Multi-Controlled X (MCX) gates are used to encode the nucledotide information at each location in the sequence. The active controls correspond to the binary representation of the index of each nucleotide and the four data qubits correspond to the nucleotides A, T, C, and G, respectively.

In [2]:
from numpy.typing import NDArray
import pennylane as qml

from qenetics.qcpg import qcpg
from qenetics.tools.cpg_sampler import string_to_nucleotides, Nucleodtide


sequence: list[Nucleodtide] = string_to_nucleotides("ATCGATCGATCGATCG")
data_register_size: int = 4
address_register_size: int = qcpg.calculate_address_register_size(
    len(sequence)
)
circuit_width: int = address_register_size + data_register_size

@qml.qnode(qml.device("default.qubit", wires=circuit_width))
def run_encode_circuit(
    sequence: list[Nucleodtide],
):
    qcpg.single_encode_all_nucleotides(sequence)
    return qml.expval(
        qml.PauliZ(wires=circuit_width - 2)
        @ qml.PauliZ(wires=circuit_width - 1)
    )

print(qml.draw(run_encode_circuit)(sequence=sequence))

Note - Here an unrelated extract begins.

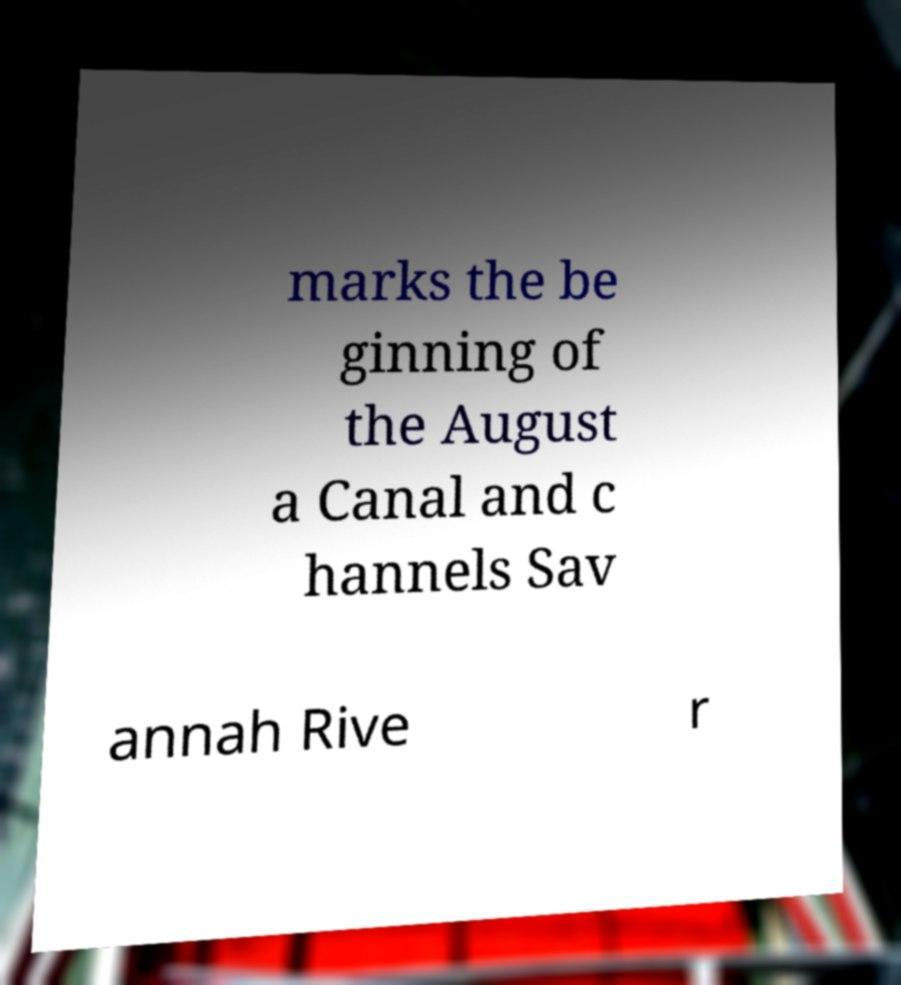What messages or text are displayed in this image? I need them in a readable, typed format. marks the be ginning of the August a Canal and c hannels Sav annah Rive r 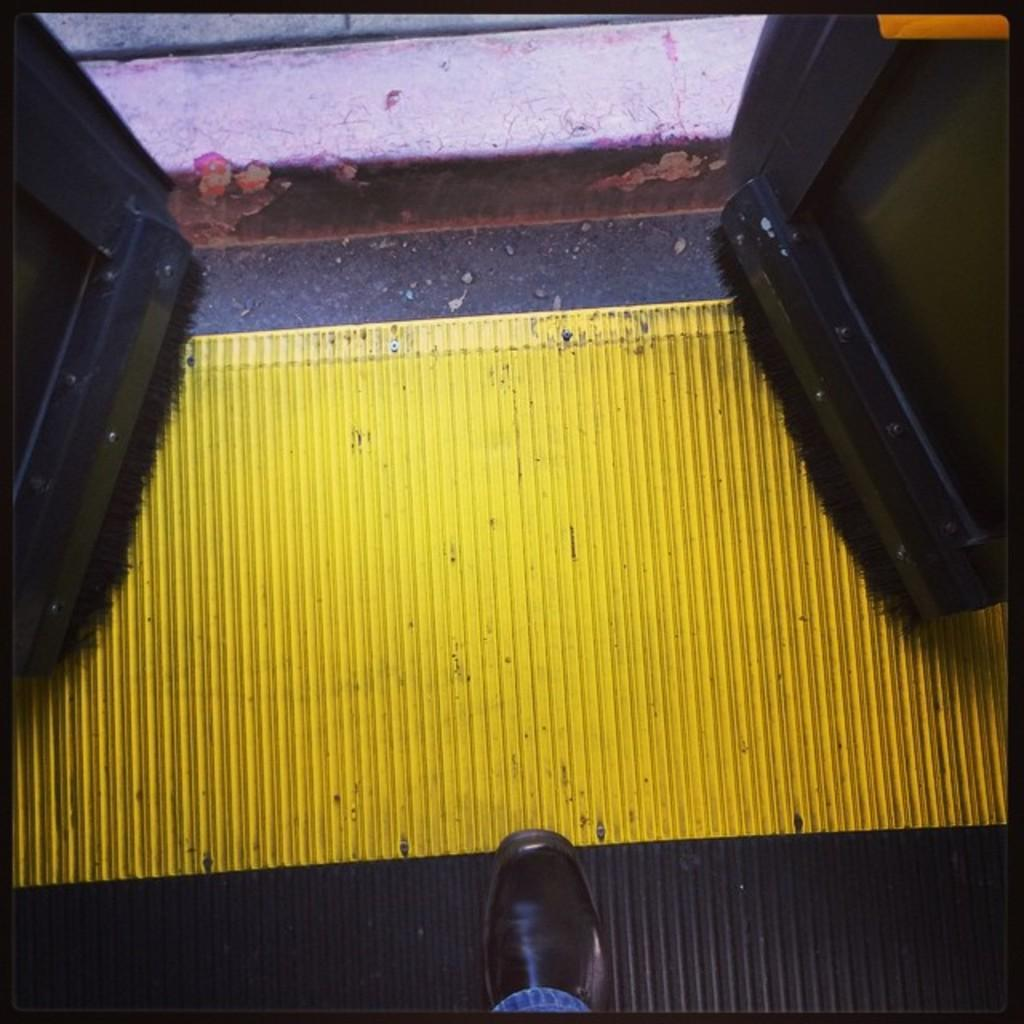What part of a person can be seen in the image? There is a person's leg visible in the image. What type of footwear is the person wearing? The person is wearing a shoe. What type of clothing is the person wearing on their leg? The person is wearing jeans. Where is the person standing in relation to the doors? The person is standing near to the doors. What color is the object that can be seen in the image? There is a yellow color object in the image. What type of potato is being used as a scarecrow in the image? There is no potato or scarecrow present in the image.

0: ─╭○─╭○─╭○─╭○─╭○─╭○─╭○─╭○─╭●─╭●─╭●─╭●─╭●─╭●─╭●─╭●─┤       
1: ─├○─├○─├○─├○─├●─├●─├●─├●─├○─├○─├○─├○─├●─├●─├●─├●─┤       
2: ─├○─├○─├●─├●─├○─├○─├●─├●─├○─├○─├●─├●─├○─├○─├●─├●─┤       
3: ─├○─├●─├○─├●─├○─├●─├○─├●─├○─├●─├○─├●─├○─├●─├○─├●─┤       
4: ─╰X─│──│──│──╰X─│──│──│──╰X─│──│──│──╰X─│──│──│──┤       
5: ────╰X─│──│─────╰X─│──│─────╰X─│──│─────╰X─│──│──┤       
6: ───────╰X─│────────╰X─│────────╰X─│────────╰X─│──┤ ╭<Z@Z>
7: ──────────╰X──────────╰X──────────╰X──────────╰X─┤ ╰<Z@Z>


### Ansatz

Below is the code to draw the second half of the circuit, which applies parameterized gates to the existing encoded state in an attempt to train a model that correctly categorizes each sequence as methylated or not.

In [3]:
from pennylane import numpy as pnp


@qml.qnode(qml.device("default.qubit", wires=circuit_width))
def run_ansatz_circuit(
    parameters: NDArray[float],
):
    layer_quantity: int = parameters.shape[0]
    wire_quantity: int = parameters.shape[1]
    rotations_quantity: int = parameters.shape[2]
    for layer_index in range(layer_quantity):
        qml.StronglyEntanglingLayers(
            parameters[layer_index, :, :].reshape(
                (1, wire_quantity, rotations_quantity)
            ),
            range(wire_quantity),
        )
    return qml.expval(
        qml.PauliZ(wires=circuit_width - 2)
        @ qml.PauliZ(wires=circuit_width - 1)
    )

unique_nucleotide_quantity: int = 4
layer_quantity: int = 2
params_shape = qml.StronglyEntanglingLayers.shape(
        n_layers=layer_quantity,
        n_wires=address_register_size + unique_nucleotide_quantity,
    )
parameters: NDArray = pnp.random.default_rng().random(size=params_shape)
print(qml.draw(run_ansatz_circuit)(parameters=parameters))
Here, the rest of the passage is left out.